Data for review –
* * *
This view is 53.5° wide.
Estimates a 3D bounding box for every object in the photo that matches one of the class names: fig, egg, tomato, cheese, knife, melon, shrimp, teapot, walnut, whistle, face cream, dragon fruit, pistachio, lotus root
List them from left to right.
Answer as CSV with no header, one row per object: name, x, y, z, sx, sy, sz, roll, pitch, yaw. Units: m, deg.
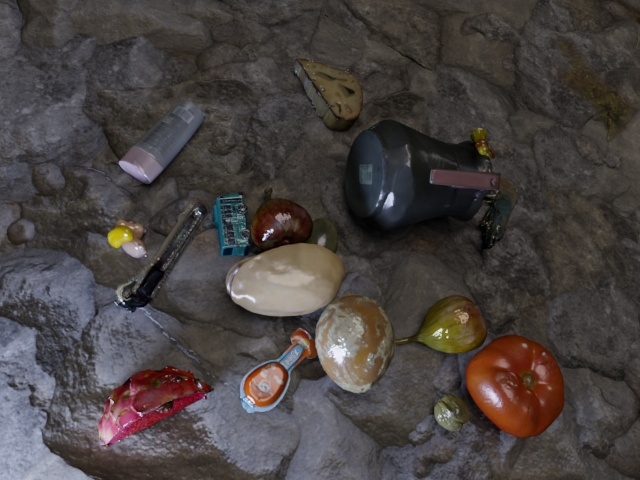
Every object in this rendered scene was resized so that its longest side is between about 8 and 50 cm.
dragon fruit,-0.383,0.344,1.434,0.274,0.161,0.126,-23,76,-21
face cream,-0.434,-0.278,1.759,0.107,0.073,0.269,30,62,6
knife,-0.394,0.029,1.633,0.089,0.043,0.365,51,55,-31
fig,-0.115,-0.049,1.687,0.160,0.231,0.143,-22,109,-10
cheese,-0.103,0.325,1.584,0.106,0.037,0.256,43,64,6
pistachio,-0.084,0.097,1.604,0.299,0.187,0.187,-3,67,-15
melon,0.000,0.000,1.728,0.098,0.098,0.130,8,59,-11
lotus root,0.041,-0.460,1.965,0.170,0.074,0.260,-16,69,-21
egg,0.084,0.253,1.573,0.203,0.203,0.245,-3,91,-15
teapot,0.293,-0.174,1.747,0.362,0.376,0.305,0,96,-22
fig,0.311,0.237,1.690,0.257,0.159,0.159,-14,69,-2
walnut,0.334,0.440,1.620,0.092,0.092,0.092,6,65,-12
whistle,0.440,-0.253,1.720,0.046,0.057,0.109,-19,36,15
shrimp,0.494,-0.102,1.919,0.178,0.075,0.289,25,63,7
tomato,0.500,0.373,1.636,0.260,0.180,0.259,6,65,-14

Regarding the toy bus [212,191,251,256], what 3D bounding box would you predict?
toy bus,-0.237,-0.043,1.698,0.092,0.079,0.160,-4,69,-14

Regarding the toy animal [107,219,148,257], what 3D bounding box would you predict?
toy animal,-0.479,-0.015,1.622,0.114,0.091,0.082,30,48,2
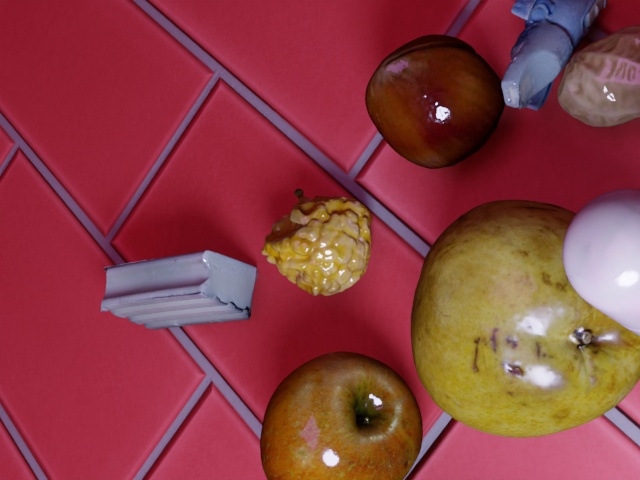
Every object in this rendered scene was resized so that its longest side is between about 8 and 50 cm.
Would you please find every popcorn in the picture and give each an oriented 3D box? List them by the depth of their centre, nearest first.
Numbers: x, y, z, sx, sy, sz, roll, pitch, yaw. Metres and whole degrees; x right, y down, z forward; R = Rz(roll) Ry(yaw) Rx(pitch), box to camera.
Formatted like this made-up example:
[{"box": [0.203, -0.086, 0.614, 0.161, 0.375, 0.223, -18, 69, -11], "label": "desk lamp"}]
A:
[{"box": [0.000, 0.000, 1.735, 0.180, 0.180, 0.170, -12, 97, 35], "label": "popcorn"}]

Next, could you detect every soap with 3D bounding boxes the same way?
[{"box": [-0.242, 0.083, 1.885, 0.262, 0.150, 0.094, -8, 66, 36], "label": "soap"}]

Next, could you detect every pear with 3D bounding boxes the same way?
[{"box": [0.266, 0.103, 1.385, 0.304, 0.304, 0.303, -12, 69, 34], "label": "pear"}]

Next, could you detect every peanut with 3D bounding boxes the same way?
[{"box": [0.453, -0.213, 1.458, 0.298, 0.120, 0.136, 7, 109, 38], "label": "peanut"}]

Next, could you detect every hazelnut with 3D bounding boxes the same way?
[{"box": [0.161, -0.211, 1.630, 0.208, 0.208, 0.208, -12, 69, 34], "label": "hazelnut"}]

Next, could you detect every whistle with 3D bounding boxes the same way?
[{"box": [0.318, -0.286, 1.562, 0.093, 0.180, 0.269, 18, 53, 30], "label": "whistle"}]

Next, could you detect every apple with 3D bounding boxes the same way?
[{"box": [0.025, 0.274, 1.565, 0.207, 0.237, 0.236, -46, 50, 47], "label": "apple"}]

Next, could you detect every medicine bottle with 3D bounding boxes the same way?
[{"box": [0.368, 0.045, 1.170, 0.130, 0.341, 0.130, -17, 62, 35], "label": "medicine bottle"}]
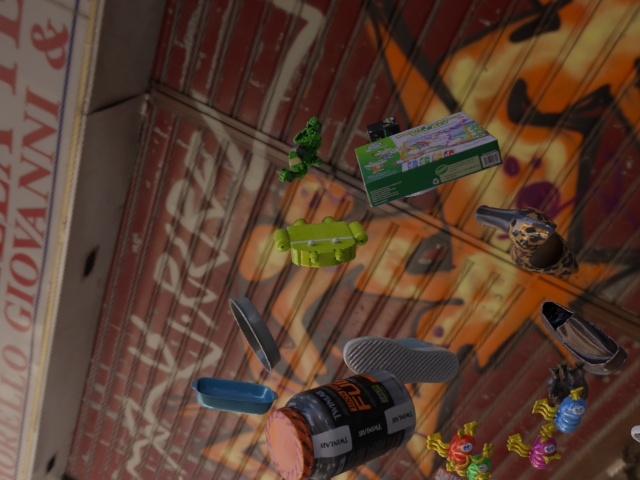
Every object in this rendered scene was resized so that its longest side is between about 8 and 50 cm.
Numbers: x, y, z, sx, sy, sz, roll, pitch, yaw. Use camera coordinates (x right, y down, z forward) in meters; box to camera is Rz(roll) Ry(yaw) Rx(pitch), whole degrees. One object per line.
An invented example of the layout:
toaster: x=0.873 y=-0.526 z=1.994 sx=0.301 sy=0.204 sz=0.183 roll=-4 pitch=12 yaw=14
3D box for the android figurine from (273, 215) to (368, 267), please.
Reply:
android figurine: x=0.000 y=0.000 z=1.475 sx=0.273 sy=0.248 sz=0.056 roll=-106 pitch=12 yaw=-68

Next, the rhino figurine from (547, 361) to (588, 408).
rhino figurine: x=0.599 y=0.363 z=1.359 sx=0.243 sy=0.073 sz=0.106 roll=6 pitch=-102 yaw=-53

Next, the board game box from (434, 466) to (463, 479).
board game box: x=0.435 y=0.757 z=1.693 sx=0.045 sy=0.146 sz=0.193 roll=-59 pitch=-10 yaw=-12

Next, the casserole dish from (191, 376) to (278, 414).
casserole dish: x=-0.185 y=0.335 z=1.191 sx=0.114 sy=0.188 sz=0.037 roll=-149 pitch=70 yaw=-77

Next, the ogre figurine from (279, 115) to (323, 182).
ogre figurine: x=-0.046 y=-0.254 z=1.613 sx=0.118 sy=0.096 sz=0.197 roll=14 pitch=-95 yaw=-73

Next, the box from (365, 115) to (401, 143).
box: x=0.170 y=-0.288 z=1.491 sx=0.062 sy=0.083 sz=0.052 roll=-99 pitch=-11 yaw=-58

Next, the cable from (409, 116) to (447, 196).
cable: x=0.300 y=-0.232 z=1.548 sx=0.257 sy=0.089 sz=0.257 roll=-49 pitch=25 yaw=-16

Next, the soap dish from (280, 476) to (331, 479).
soap dish: x=-0.011 y=0.791 z=1.576 sx=0.118 sy=0.291 sz=0.229 roll=-28 pitch=20 yaw=37

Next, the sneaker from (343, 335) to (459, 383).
sneaker: x=0.215 y=0.345 z=1.628 sx=0.150 sy=0.365 sz=0.135 roll=-171 pitch=95 yaw=-68

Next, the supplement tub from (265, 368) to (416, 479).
supplement tub: x=0.050 y=0.449 z=1.356 sx=0.338 sy=0.207 sz=0.207 roll=-7 pitch=-45 yaw=-37

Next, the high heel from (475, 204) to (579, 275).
high heel: x=0.423 y=0.018 z=1.011 sx=0.093 sy=0.261 sz=0.186 roll=-61 pitch=19 yaw=1

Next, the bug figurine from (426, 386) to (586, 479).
bug figurine: x=0.324 y=0.346 z=0.939 sx=0.216 sy=0.279 sz=0.072 roll=76 pitch=175 yaw=-46

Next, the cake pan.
cake pan: x=-0.222 y=0.317 z=1.913 sx=0.054 sy=0.293 sz=0.293 roll=-28 pitch=-16 yaw=-18

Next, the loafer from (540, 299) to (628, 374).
loafer: x=0.865 y=0.321 z=1.886 sx=0.134 sy=0.130 sz=0.366 roll=-45 pitch=28 yaw=0

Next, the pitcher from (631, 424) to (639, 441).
pitcher: x=0.914 y=0.520 z=1.392 sx=0.125 sy=0.207 sz=0.178 roll=-57 pitch=4 yaw=-28

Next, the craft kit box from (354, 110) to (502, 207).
craft kit box: x=0.200 y=-0.168 z=1.102 sx=0.247 sy=0.249 sz=0.061 roll=-92 pitch=-18 yaw=-68
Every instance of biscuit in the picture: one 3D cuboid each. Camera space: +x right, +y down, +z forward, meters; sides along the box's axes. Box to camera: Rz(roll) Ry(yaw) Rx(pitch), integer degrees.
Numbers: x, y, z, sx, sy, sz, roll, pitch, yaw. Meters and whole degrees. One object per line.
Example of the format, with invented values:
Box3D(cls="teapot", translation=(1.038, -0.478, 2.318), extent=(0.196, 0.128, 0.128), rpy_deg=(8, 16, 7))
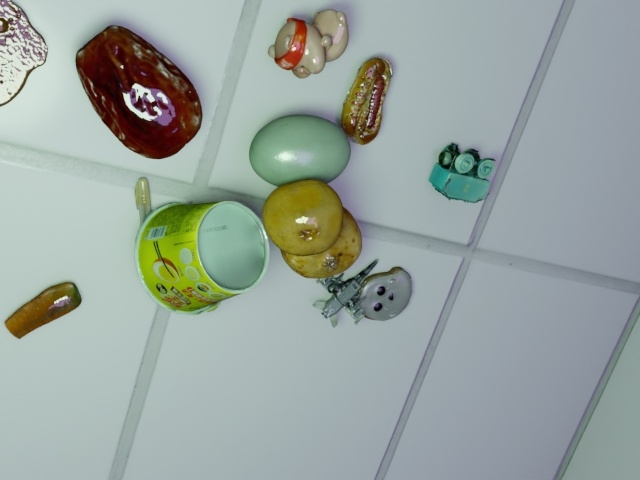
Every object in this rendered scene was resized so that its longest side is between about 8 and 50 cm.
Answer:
Box3D(cls="biscuit", translation=(0.212, 0.185, 2.171), extent=(0.208, 0.049, 0.181), rpy_deg=(-13, 115, -22))
Box3D(cls="biscuit", translation=(-0.760, -0.432, 1.434), extent=(0.257, 0.049, 0.273), rpy_deg=(-49, 124, -4))

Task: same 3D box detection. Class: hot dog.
Box3D(cls="hot dog", translation=(0.132, -0.398, 1.875), extent=(0.131, 0.069, 0.253), rpy_deg=(9, 105, -28))

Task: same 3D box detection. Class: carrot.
Box3D(cls="carrot", translation=(-0.713, 0.176, 1.693), extent=(0.193, 0.087, 0.087), rpy_deg=(-29, 120, -10))

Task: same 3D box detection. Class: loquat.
Box3D(cls="loquat", translation=(-0.042, -0.059, 1.683), extent=(0.208, 0.208, 0.208), rpy_deg=(-10, 115, -22))

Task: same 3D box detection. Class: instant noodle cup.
Box3D(cls="instant noodle cup", translation=(-0.286, 0.035, 1.682), extent=(0.311, 0.221, 0.312), rpy_deg=(11, 74, -45))

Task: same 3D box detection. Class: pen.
Box3D(cls="pen", translation=(-0.468, -0.053, 1.747), extent=(0.040, 0.032, 0.234), rpy_deg=(2, 112, -2))

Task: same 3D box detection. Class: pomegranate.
Box3D(cls="pomegranate", translation=(0.000, 0.000, 1.882), extent=(0.248, 0.248, 0.248), rpy_deg=(-10, 115, -22))

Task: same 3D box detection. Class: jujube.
Box3D(cls="jujube", translation=(-0.424, -0.346, 1.555), extent=(0.223, 0.223, 0.318), rpy_deg=(-42, 115, -5))

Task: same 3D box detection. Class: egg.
Box3D(cls="egg", translation=(-0.053, -0.237, 1.771), extent=(0.282, 0.203, 0.203), rpy_deg=(-10, 115, -19))

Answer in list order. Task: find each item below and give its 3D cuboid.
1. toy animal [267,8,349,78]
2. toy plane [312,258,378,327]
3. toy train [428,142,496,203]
Box3D(cls="toy animal", translation=(-0.028, -0.506, 1.702), extent=(0.197, 0.171, 0.171), rpy_deg=(-27, 120, -17))
Box3D(cls="toy plane", translation=(0.098, 0.148, 2.077), extent=(0.262, 0.088, 0.192), rpy_deg=(-44, 95, -8))
Box3D(cls="toy train", translation=(0.451, -0.210, 2.090), extent=(0.203, 0.112, 0.163), rpy_deg=(9, 113, -28))
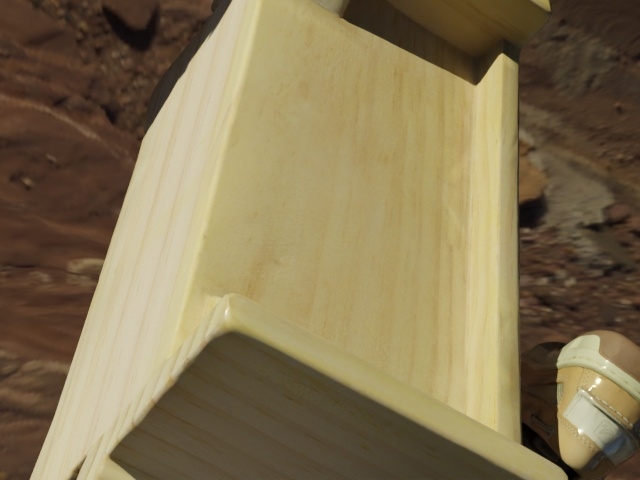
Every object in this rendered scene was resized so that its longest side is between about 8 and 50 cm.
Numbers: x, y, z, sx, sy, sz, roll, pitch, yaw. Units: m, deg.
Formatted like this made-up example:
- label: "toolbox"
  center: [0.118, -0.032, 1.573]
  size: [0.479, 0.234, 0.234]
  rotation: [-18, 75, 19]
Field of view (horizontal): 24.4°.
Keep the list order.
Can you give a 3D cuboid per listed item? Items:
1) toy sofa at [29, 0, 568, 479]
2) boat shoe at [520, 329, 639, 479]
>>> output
- label: "toy sofa"
  center: [0.000, 0.000, 0.675]
  size: [0.150, 0.362, 0.177]
  rotation: [29, 127, -17]
- label: "boat shoe"
  center: [0.108, 0.089, 0.688]
  size: [0.068, 0.190, 0.072]
  rotation: [37, 80, 9]
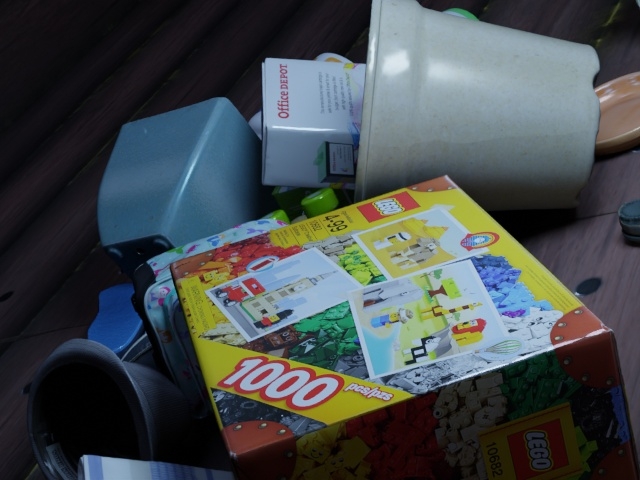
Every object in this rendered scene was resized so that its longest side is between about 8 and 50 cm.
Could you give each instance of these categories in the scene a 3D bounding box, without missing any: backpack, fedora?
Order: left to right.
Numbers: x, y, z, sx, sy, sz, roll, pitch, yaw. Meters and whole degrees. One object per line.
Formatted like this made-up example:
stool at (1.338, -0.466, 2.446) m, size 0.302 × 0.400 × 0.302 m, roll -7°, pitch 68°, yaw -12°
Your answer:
fedora at (-0.260, 0.239, 1.732) m, size 0.275 × 0.243 × 0.124 m, roll -20°, pitch -5°, yaw 44°
backpack at (-0.099, 0.098, 1.768) m, size 0.253 × 0.225 × 0.191 m, roll -24°, pitch 23°, yaw -15°

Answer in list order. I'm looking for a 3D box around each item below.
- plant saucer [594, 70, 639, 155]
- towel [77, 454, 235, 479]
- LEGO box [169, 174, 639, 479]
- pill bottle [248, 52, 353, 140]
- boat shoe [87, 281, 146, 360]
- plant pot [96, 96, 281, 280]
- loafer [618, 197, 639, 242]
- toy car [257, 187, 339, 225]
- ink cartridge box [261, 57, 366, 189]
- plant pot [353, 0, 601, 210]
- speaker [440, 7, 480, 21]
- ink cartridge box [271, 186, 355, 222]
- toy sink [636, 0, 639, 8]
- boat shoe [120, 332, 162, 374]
* * *
Task – Scan the material above and copy every line that holds the string "picture".

Solution –
Would you please find every popcorn in the picture and give each an oriented 3D box? List them by the depth of their centre, nearest first.
Every instance of biscuit in the picture: one 3D cuboid each. Camera space: +x right, +y down, +z forward, meters; sides along the box's axes. Box to camera: Rz(roll) Ry(yaw) Rx(pitch), integer degrees.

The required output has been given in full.